Tips for Marketing Your Car Photography

Today’s Post by Joe Farace

Some photographers (and I’m just as guilty of this as the next guy) are just not naturally adept at marketing and, at the same time, not solvent enough to afford a dedicated marketing person. This means that the bulk of marketing falls on you but it doesn’t have to be traumatic. Here’s some tips and tools that might help:

Your business card is the single most important marketing and promotional tool for any business, including photographers. While seemingly tiny, this lowly card has billboard-like implications. And they don;t have to be expensive but avoid a low budget approach; the cards represent you.

Don’t use those cheapo, generic cards from a business-card-in-minute machine. Avoid the temptation to knock out cards on your ink-jet printer. Potential clients will be less likely to toss out something that has a quality look especially if it has a photograph of a person on it.

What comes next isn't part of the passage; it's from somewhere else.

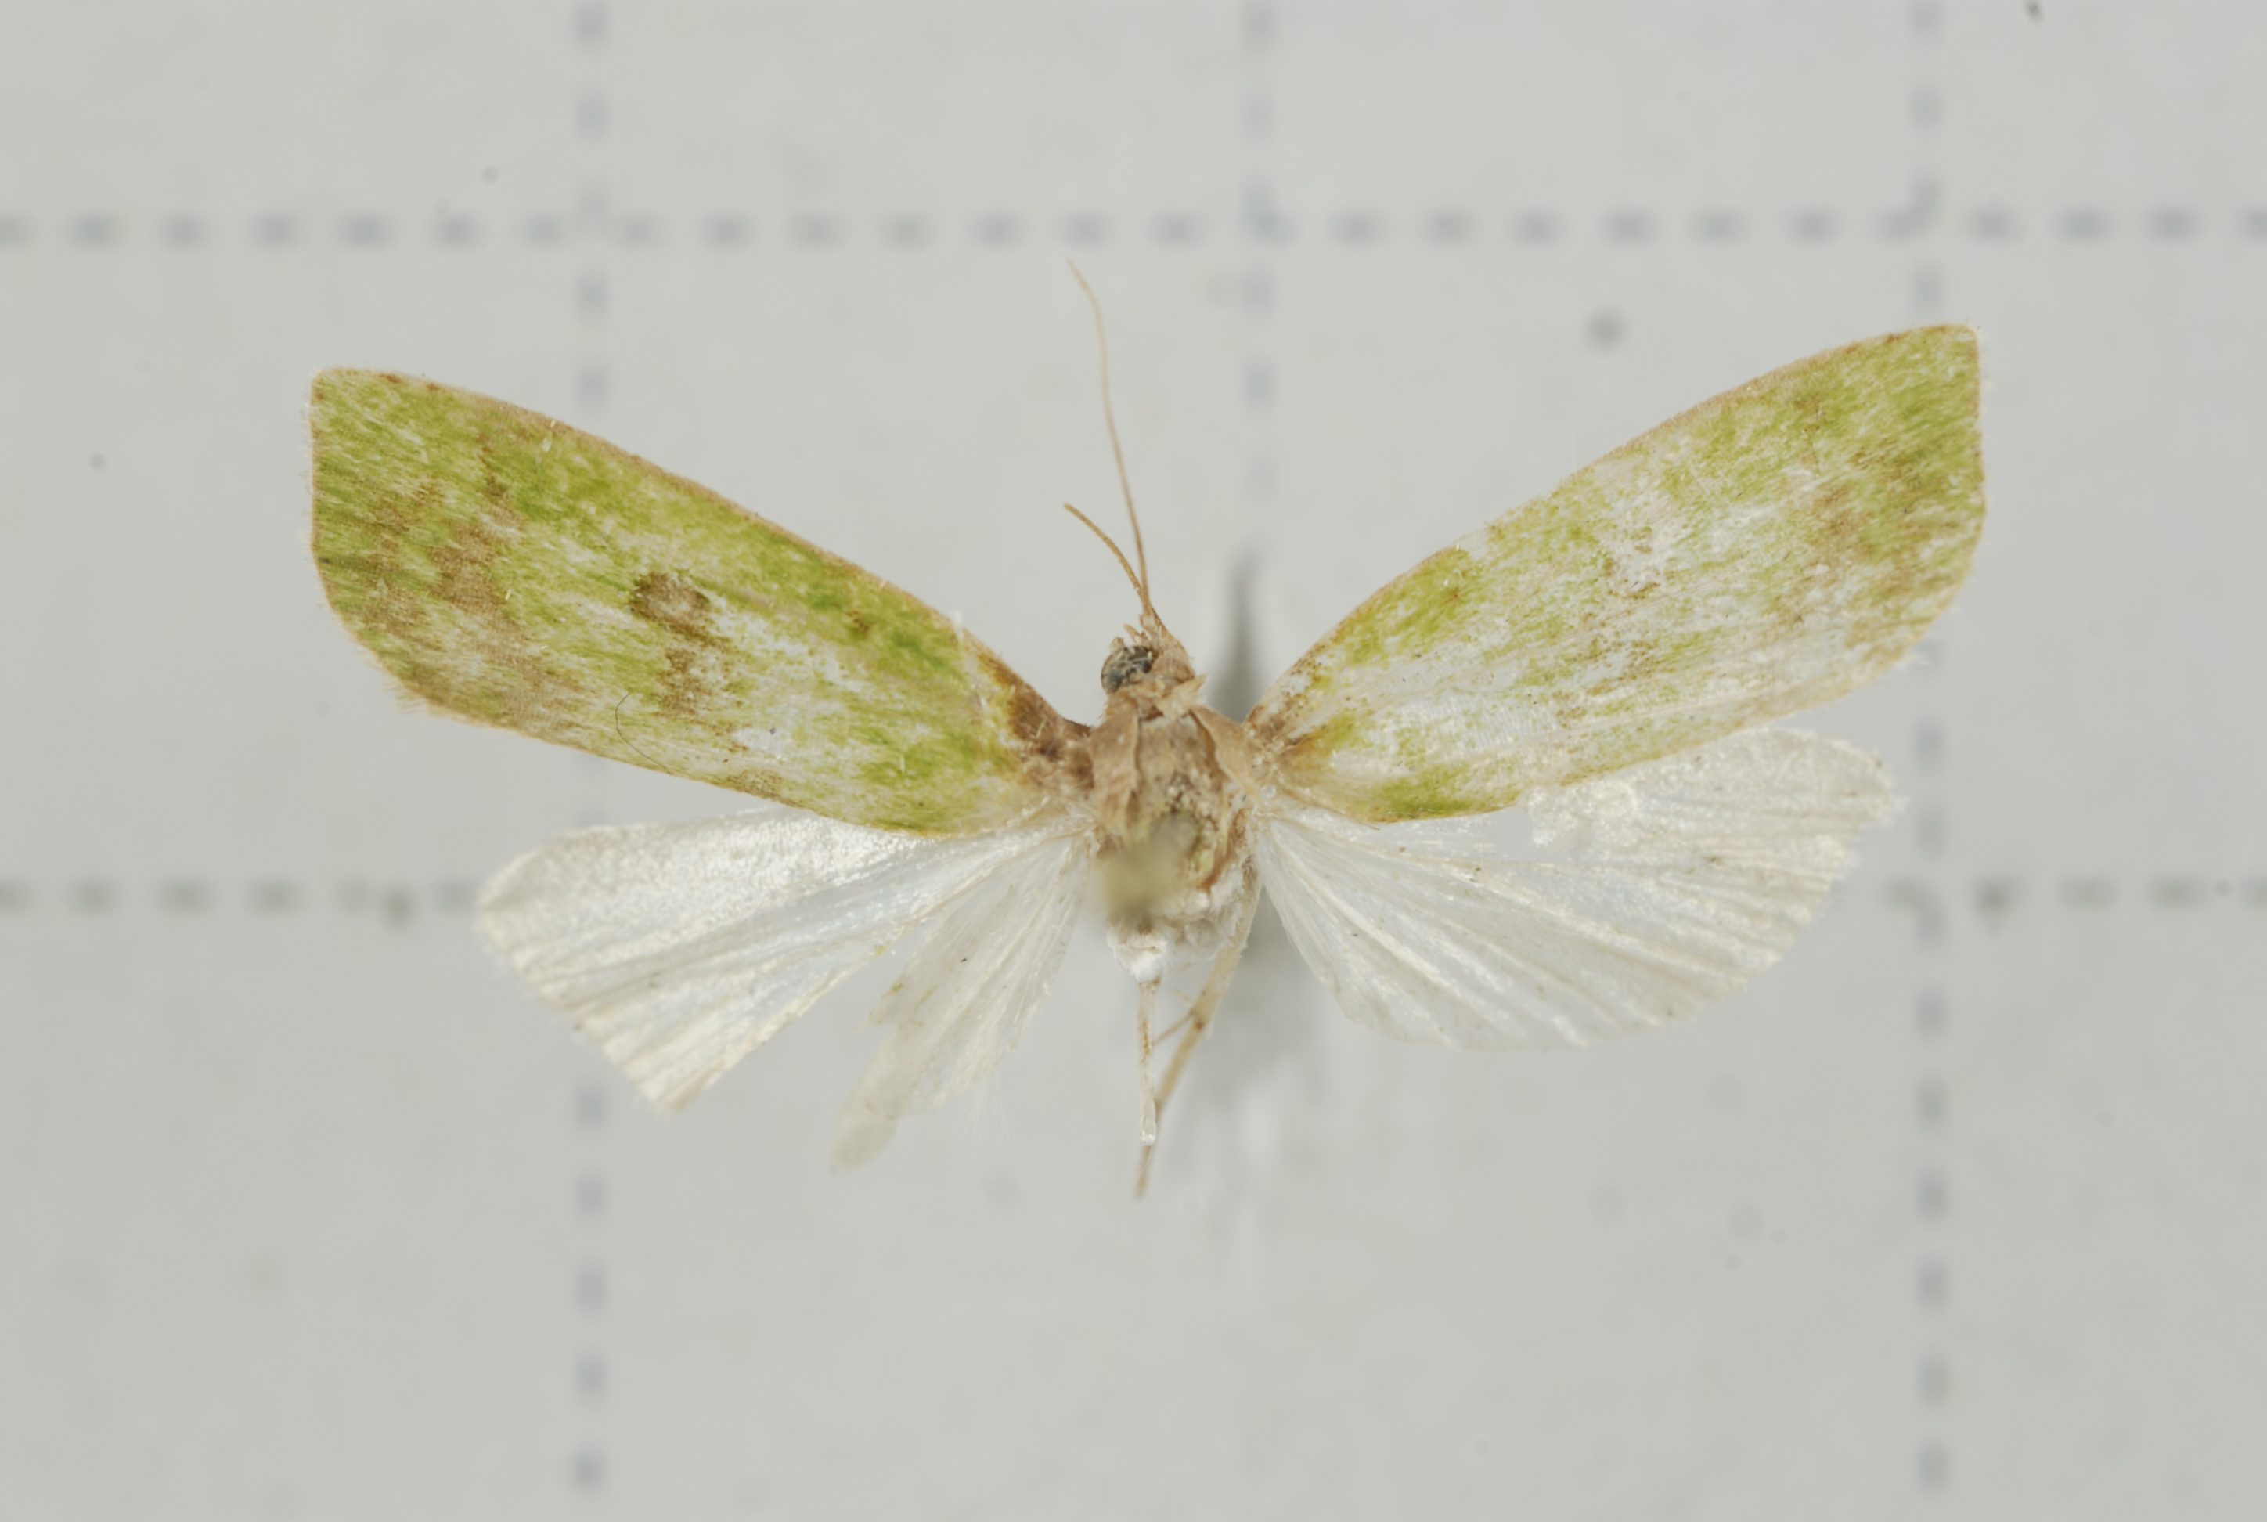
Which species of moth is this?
Doloessa viridis

When Mary and I owned our studio people would hang onto out photo business cards. sometimes for years before calling for an assignment but call they did. Tip: Take a look at affordable photographic business cards from Moo that use your own images. And make sure the card has your website, e-mail, Twitter, and Instagram addresses as well.

Wear your company. One successful entrepreneur I know wears golf shirts emblazoned with his company’s logo. These are nice-looking shirts, some are silk, but all of them get attention. Several of his clients liked the shirts so much they asked him for one, turning themselves into walking advertisements for his company.

I was photographing an import car show in Los Angeles. On day one I was wearing a nice shirt and a blazer and wanted to photograph a racecar but it was surrounded by stanchions and ropes and I could never get a good angle. On Day two I wore one of my long sleeved shirts with the Tortuga Racing logo discreetly embroidered on the front and www.joefaraceshootscars.com on the back. I went back to that same display and someone from the race team sees me and says “let me move these stanchions out of the way so you can get a better shot.” And while I’m shooting he returns and says “ Would you like one of our models to pose with the car?” Needless to say, I got much better shots. A coincidence? Maybe, maybe not.

Finally, look for ways to show your company in a positive light by being involved with your community, because I believe that where small photography businesses are concerned “Nice Guys Finish First.”